• Task goal: Filter the entries for lines with the word "section".

• Given information:
__________________________________________________
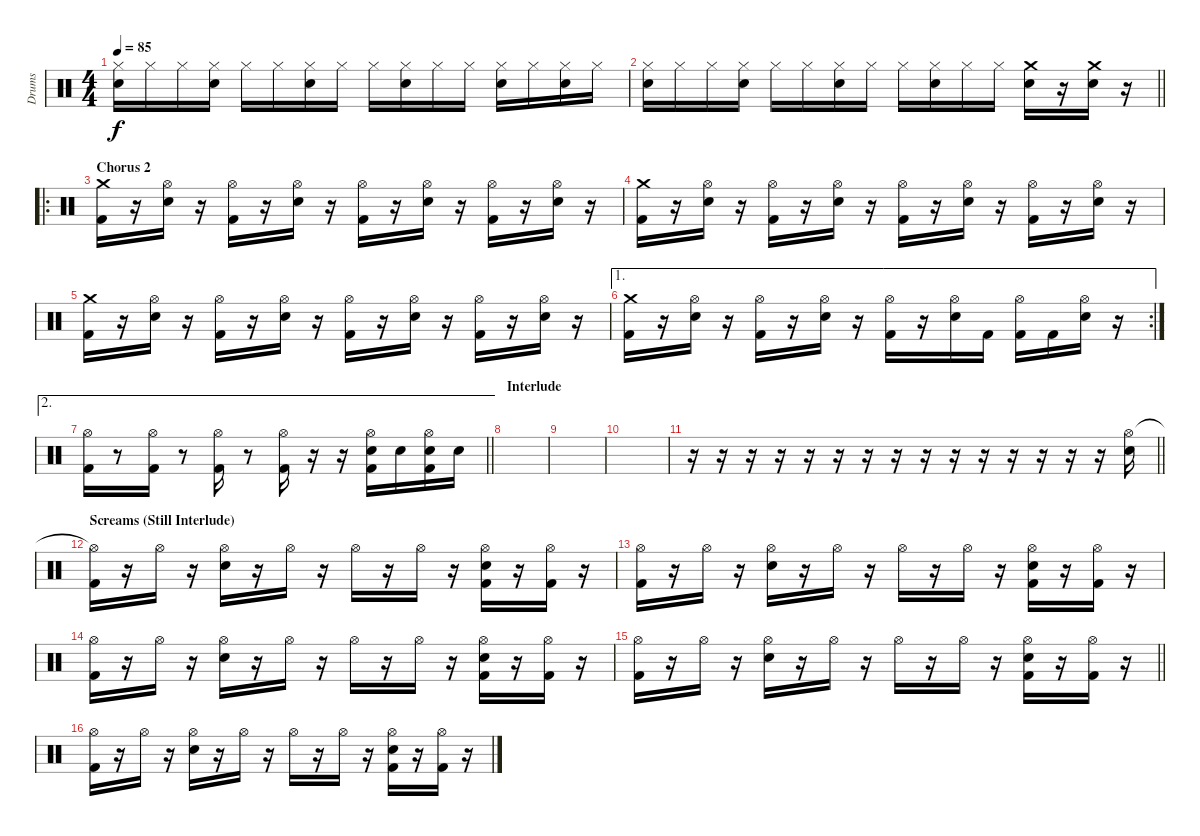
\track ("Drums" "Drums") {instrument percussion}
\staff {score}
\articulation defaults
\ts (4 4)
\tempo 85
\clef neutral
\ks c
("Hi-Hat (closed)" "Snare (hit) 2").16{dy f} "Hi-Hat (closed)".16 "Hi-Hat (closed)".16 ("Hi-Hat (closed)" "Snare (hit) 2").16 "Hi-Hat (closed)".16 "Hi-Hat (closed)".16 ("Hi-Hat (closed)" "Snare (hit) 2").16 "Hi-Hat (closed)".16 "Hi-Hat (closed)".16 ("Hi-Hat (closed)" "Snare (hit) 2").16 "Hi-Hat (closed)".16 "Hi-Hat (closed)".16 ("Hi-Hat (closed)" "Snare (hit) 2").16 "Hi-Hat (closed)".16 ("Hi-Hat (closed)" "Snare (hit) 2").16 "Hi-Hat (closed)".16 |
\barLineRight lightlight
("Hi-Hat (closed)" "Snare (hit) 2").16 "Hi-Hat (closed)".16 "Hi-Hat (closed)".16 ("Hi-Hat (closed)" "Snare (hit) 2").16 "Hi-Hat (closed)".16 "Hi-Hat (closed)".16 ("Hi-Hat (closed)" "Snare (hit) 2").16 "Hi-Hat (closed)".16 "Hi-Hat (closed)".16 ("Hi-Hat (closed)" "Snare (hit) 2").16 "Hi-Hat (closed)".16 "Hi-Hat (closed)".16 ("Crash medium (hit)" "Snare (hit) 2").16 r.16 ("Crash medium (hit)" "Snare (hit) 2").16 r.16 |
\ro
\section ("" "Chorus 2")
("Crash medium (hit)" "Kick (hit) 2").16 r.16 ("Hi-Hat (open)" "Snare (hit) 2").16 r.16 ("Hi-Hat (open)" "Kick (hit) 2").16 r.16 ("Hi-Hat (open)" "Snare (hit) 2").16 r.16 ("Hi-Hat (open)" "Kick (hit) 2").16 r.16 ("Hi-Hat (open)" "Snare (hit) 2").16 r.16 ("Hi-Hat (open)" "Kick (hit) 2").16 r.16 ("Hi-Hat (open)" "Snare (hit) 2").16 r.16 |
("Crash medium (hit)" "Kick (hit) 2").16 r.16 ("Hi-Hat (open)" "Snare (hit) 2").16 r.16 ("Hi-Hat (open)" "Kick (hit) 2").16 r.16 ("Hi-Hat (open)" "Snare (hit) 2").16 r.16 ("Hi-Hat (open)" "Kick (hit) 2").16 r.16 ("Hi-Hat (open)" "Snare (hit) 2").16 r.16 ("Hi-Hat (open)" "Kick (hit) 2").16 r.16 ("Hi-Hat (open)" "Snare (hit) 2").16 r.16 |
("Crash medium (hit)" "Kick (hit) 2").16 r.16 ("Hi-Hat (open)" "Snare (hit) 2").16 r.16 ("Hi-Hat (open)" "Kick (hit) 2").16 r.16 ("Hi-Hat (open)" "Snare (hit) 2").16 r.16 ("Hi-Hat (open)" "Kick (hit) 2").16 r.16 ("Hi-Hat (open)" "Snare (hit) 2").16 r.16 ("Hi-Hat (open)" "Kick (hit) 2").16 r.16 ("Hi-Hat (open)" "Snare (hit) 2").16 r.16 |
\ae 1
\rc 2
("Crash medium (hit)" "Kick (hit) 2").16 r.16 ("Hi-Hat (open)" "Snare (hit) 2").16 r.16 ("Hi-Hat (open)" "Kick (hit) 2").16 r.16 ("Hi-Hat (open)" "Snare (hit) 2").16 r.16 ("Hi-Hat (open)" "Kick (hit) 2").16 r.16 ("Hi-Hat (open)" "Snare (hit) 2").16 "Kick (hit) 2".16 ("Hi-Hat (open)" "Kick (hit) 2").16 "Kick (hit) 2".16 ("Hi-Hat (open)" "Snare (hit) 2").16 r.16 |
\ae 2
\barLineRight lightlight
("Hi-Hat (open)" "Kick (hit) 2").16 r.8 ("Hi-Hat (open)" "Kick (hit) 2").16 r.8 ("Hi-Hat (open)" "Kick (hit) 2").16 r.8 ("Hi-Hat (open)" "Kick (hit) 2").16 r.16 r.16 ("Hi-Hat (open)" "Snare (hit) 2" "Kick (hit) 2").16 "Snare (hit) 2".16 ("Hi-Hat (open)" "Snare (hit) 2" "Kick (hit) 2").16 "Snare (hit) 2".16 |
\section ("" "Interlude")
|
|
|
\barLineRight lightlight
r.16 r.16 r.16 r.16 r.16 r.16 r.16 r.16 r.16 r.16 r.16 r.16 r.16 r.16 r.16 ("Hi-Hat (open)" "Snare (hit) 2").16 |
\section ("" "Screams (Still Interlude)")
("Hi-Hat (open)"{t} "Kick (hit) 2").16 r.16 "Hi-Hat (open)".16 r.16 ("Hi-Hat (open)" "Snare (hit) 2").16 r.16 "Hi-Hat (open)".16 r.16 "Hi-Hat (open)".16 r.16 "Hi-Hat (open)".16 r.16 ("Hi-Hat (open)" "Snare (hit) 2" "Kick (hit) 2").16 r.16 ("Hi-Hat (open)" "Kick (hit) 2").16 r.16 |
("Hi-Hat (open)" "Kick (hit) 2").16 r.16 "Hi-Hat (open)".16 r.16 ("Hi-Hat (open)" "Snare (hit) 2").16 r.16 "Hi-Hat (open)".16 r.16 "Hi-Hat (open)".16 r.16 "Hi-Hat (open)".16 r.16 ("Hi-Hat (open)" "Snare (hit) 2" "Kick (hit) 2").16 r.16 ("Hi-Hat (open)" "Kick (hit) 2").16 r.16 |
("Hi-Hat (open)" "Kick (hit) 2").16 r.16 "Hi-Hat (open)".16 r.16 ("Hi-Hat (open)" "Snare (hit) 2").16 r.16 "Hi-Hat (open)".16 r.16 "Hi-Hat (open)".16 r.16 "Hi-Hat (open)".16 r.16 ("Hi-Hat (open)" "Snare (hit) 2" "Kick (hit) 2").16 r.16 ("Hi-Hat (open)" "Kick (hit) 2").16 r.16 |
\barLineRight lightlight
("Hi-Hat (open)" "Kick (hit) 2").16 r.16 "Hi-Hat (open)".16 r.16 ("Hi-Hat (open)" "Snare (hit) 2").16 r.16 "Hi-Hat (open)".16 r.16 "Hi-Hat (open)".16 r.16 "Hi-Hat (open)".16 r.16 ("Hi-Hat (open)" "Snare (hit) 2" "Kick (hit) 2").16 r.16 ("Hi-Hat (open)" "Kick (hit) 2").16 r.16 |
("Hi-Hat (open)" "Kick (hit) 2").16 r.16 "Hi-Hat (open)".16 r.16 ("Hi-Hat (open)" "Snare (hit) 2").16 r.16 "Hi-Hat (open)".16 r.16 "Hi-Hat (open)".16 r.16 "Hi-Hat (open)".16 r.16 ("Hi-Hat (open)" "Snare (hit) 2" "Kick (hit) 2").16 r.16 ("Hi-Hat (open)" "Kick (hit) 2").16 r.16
__________________________________________________
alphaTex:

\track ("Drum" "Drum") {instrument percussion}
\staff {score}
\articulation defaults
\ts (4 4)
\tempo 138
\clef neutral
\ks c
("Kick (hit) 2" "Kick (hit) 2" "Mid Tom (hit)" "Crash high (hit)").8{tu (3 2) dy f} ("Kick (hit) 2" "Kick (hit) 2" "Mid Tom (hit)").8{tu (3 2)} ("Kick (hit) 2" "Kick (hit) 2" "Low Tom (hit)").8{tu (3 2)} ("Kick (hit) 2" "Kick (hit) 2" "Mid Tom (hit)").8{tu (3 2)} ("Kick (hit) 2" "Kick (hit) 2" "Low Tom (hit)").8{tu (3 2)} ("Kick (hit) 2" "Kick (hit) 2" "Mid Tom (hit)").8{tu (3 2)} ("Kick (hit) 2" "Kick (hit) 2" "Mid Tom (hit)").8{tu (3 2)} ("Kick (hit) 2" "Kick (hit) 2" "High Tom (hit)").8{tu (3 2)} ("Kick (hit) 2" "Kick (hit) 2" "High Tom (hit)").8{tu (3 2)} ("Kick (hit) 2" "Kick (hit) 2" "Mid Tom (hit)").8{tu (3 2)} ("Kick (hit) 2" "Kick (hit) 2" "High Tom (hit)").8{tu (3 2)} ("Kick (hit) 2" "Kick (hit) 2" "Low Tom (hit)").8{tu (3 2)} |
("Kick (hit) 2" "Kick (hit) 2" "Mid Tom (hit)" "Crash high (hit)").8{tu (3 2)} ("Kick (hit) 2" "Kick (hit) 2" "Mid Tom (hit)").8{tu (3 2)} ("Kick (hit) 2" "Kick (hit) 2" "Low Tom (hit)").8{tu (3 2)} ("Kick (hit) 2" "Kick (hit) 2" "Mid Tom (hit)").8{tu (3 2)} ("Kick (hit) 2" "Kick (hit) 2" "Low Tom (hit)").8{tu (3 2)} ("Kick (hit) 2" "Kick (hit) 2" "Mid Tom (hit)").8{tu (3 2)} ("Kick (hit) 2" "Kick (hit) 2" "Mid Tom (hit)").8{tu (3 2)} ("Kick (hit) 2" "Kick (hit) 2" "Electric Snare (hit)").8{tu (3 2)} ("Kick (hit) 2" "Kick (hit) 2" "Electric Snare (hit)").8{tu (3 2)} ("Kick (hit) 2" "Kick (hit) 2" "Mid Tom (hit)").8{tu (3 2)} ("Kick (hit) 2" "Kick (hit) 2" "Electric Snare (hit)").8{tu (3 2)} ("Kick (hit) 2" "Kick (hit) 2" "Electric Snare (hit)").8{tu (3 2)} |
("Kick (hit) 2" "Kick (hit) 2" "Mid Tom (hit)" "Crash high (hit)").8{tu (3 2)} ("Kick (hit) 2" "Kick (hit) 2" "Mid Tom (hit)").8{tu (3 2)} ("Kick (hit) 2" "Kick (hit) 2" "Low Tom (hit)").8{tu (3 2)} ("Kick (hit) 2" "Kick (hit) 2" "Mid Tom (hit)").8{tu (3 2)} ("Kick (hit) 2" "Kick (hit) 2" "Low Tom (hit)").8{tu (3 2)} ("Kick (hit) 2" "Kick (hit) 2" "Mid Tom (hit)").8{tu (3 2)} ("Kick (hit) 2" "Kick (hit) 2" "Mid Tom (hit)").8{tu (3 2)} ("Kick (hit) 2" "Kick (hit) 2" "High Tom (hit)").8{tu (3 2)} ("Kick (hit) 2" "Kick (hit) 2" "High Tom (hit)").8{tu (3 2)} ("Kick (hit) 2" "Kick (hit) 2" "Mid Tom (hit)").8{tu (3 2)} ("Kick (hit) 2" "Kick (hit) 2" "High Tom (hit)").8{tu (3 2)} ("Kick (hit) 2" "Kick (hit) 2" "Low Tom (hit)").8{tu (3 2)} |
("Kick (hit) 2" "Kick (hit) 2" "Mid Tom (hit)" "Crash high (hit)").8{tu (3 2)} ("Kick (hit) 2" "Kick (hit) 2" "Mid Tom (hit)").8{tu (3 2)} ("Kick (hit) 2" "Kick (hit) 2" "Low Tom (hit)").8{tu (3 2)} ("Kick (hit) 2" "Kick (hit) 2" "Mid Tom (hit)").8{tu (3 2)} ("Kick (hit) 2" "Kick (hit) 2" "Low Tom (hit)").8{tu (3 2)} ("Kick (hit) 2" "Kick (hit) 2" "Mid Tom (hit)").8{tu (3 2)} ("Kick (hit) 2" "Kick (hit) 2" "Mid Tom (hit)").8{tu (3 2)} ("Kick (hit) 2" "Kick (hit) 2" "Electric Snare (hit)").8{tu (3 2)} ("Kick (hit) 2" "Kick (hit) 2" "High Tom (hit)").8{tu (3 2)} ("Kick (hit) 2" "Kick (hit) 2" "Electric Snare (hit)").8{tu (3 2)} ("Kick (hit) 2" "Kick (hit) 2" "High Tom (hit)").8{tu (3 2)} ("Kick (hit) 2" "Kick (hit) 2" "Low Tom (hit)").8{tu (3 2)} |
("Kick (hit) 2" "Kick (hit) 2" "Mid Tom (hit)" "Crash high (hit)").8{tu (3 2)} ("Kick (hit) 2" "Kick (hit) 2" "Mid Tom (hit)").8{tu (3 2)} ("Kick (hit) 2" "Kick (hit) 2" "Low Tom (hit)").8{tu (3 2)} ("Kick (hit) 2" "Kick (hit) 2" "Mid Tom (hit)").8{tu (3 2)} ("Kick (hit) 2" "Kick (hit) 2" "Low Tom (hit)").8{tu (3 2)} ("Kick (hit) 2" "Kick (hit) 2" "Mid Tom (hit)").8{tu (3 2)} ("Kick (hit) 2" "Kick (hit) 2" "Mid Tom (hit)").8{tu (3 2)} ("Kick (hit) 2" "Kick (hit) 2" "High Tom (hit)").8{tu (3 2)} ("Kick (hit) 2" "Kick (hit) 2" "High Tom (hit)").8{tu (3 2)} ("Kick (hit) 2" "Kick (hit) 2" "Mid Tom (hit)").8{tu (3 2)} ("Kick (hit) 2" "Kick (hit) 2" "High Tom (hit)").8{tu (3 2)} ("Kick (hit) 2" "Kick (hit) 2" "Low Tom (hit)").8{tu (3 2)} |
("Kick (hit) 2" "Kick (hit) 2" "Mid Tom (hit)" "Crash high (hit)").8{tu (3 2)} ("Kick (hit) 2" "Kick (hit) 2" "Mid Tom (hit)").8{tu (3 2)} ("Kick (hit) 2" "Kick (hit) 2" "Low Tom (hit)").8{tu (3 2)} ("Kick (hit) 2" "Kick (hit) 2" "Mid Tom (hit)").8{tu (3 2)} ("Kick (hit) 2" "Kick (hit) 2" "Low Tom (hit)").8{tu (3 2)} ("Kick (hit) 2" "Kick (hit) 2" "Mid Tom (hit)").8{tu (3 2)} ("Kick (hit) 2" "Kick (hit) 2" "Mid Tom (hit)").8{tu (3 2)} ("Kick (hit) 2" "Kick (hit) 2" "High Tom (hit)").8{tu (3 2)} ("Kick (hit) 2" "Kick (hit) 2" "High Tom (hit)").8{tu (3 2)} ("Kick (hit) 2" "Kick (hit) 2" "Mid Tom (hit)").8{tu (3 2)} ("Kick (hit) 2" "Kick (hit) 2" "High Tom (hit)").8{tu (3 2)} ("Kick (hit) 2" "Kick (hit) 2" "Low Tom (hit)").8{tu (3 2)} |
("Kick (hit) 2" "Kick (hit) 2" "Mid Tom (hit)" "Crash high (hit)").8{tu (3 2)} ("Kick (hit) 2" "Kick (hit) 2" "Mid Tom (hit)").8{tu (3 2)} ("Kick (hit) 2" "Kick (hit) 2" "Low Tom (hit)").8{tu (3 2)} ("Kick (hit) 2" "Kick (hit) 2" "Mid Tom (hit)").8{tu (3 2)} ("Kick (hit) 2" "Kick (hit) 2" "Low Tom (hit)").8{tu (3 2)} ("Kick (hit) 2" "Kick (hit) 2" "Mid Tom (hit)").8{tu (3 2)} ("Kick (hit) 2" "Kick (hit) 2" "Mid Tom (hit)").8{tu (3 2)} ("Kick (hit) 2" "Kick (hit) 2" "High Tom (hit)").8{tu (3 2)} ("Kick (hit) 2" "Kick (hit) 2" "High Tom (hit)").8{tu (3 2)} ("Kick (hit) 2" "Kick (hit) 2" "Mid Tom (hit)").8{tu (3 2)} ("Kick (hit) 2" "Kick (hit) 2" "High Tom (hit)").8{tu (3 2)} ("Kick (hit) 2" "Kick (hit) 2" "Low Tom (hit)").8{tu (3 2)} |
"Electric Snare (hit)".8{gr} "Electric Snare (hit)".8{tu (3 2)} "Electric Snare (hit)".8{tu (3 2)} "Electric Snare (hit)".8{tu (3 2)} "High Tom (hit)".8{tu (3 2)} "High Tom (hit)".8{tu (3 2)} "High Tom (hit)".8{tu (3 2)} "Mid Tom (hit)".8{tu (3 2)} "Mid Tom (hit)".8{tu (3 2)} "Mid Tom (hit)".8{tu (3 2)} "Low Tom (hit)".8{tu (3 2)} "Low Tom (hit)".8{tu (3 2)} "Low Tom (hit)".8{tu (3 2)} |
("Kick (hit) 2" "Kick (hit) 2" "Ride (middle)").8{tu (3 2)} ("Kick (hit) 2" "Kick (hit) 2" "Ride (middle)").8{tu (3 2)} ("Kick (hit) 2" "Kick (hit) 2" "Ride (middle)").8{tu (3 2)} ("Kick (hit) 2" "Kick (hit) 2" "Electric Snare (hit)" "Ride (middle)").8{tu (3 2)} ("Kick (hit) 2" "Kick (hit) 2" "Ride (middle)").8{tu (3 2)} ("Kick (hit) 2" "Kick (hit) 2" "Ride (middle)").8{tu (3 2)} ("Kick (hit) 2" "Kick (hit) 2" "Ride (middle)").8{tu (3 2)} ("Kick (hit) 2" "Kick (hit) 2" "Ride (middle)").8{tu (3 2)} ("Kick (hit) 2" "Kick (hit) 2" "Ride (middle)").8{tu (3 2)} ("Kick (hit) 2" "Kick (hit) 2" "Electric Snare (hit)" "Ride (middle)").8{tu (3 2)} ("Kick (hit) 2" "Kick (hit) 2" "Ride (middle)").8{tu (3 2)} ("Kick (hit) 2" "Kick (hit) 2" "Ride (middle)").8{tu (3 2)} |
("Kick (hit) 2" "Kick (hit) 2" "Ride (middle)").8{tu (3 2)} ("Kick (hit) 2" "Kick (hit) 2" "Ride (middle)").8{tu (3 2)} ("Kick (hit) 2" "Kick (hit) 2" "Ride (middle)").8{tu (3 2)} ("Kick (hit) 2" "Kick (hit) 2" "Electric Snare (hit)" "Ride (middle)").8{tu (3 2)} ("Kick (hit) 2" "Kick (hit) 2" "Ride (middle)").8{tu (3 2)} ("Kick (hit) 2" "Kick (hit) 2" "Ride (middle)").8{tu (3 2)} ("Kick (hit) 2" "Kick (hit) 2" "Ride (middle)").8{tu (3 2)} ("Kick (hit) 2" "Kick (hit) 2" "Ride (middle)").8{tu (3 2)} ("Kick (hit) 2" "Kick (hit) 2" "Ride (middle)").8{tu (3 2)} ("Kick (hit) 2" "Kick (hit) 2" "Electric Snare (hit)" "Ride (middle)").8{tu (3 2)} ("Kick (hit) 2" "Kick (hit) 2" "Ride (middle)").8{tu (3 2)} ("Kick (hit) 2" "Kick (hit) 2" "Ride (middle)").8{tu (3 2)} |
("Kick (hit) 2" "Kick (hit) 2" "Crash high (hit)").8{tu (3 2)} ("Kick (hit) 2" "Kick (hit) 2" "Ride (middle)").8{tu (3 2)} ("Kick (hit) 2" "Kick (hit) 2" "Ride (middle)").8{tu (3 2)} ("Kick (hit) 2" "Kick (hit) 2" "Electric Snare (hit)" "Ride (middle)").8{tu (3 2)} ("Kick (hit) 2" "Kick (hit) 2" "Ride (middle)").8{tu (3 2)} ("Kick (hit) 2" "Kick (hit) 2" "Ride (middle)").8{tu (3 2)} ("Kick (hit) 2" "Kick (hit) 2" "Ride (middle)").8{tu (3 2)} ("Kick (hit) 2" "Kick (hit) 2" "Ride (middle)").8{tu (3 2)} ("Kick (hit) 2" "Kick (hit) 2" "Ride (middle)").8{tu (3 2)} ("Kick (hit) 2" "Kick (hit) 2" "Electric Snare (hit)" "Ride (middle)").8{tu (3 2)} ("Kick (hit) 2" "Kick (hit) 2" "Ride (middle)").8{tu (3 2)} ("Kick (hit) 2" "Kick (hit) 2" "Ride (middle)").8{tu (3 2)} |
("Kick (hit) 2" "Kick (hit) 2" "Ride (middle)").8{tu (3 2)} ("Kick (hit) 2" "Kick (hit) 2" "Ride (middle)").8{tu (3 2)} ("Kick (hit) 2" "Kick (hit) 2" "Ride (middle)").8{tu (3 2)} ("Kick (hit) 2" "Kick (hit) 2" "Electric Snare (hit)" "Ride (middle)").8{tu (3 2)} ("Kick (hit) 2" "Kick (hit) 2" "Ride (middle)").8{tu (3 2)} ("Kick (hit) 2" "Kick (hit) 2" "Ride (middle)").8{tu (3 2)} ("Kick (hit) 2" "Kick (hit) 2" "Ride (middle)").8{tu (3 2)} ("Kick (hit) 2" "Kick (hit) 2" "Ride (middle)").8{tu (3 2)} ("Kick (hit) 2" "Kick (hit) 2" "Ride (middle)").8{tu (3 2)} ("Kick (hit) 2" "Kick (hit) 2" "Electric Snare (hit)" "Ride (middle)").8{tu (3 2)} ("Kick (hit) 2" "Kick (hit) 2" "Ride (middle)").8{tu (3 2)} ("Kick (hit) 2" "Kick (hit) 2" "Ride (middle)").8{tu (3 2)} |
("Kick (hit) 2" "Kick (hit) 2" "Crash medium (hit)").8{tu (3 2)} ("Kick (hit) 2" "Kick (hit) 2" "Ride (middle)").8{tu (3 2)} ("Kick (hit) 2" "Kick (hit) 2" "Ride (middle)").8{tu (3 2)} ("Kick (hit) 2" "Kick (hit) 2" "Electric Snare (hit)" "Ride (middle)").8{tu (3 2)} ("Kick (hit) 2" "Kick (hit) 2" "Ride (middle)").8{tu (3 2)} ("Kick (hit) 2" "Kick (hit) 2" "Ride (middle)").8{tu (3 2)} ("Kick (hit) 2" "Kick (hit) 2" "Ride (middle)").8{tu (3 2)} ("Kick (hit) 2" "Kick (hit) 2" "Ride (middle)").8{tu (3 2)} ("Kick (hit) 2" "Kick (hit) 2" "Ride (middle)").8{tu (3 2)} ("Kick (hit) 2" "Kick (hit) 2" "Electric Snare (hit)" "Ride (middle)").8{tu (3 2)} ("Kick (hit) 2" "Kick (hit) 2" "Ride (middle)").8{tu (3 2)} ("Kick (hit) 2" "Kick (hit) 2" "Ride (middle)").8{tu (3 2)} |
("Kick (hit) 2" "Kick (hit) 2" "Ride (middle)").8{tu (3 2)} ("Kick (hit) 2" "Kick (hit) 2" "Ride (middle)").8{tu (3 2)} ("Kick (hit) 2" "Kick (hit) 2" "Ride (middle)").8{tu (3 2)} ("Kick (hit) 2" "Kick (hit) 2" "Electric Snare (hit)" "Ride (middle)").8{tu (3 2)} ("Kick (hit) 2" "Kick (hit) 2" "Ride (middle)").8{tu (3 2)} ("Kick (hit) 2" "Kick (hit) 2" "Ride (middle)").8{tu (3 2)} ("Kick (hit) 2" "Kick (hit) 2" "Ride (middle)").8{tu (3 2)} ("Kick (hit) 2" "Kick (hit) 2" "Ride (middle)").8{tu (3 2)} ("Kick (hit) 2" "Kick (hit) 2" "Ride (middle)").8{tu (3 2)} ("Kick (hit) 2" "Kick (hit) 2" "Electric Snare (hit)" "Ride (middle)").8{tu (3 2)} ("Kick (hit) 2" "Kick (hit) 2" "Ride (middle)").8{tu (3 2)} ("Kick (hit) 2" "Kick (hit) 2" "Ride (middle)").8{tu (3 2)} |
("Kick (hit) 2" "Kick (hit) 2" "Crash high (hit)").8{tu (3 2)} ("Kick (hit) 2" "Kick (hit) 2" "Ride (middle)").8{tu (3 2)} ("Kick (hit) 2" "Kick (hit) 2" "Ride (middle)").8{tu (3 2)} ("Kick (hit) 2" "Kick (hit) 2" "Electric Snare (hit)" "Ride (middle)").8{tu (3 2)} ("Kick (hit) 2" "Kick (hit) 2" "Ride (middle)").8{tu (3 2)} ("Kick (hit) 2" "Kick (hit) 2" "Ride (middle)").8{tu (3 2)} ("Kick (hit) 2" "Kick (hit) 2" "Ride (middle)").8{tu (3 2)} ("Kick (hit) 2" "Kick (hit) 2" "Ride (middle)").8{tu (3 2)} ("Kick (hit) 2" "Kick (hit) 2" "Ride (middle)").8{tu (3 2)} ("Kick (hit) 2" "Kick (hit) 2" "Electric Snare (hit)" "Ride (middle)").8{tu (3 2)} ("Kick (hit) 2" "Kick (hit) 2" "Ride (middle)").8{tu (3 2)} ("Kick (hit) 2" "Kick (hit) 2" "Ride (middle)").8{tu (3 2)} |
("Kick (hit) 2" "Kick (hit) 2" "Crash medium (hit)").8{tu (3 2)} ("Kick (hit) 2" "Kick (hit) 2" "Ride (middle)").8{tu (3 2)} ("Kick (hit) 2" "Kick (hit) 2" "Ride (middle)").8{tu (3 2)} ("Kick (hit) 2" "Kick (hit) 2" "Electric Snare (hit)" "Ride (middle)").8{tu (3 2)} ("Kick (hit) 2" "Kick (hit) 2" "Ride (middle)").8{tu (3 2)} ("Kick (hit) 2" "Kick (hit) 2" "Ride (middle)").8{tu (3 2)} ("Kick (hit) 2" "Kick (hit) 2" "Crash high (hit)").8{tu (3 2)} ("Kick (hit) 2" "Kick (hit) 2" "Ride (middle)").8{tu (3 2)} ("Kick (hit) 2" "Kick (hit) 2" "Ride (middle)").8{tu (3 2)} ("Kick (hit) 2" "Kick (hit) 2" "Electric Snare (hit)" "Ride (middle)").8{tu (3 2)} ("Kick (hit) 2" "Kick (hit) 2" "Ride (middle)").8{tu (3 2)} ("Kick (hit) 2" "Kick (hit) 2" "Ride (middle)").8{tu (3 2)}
__________________________________________________
• The completed task:
\section ("" "Chorus 2")
\section ("" "Interlude")
\section ("" "Screams (Still Interlude)")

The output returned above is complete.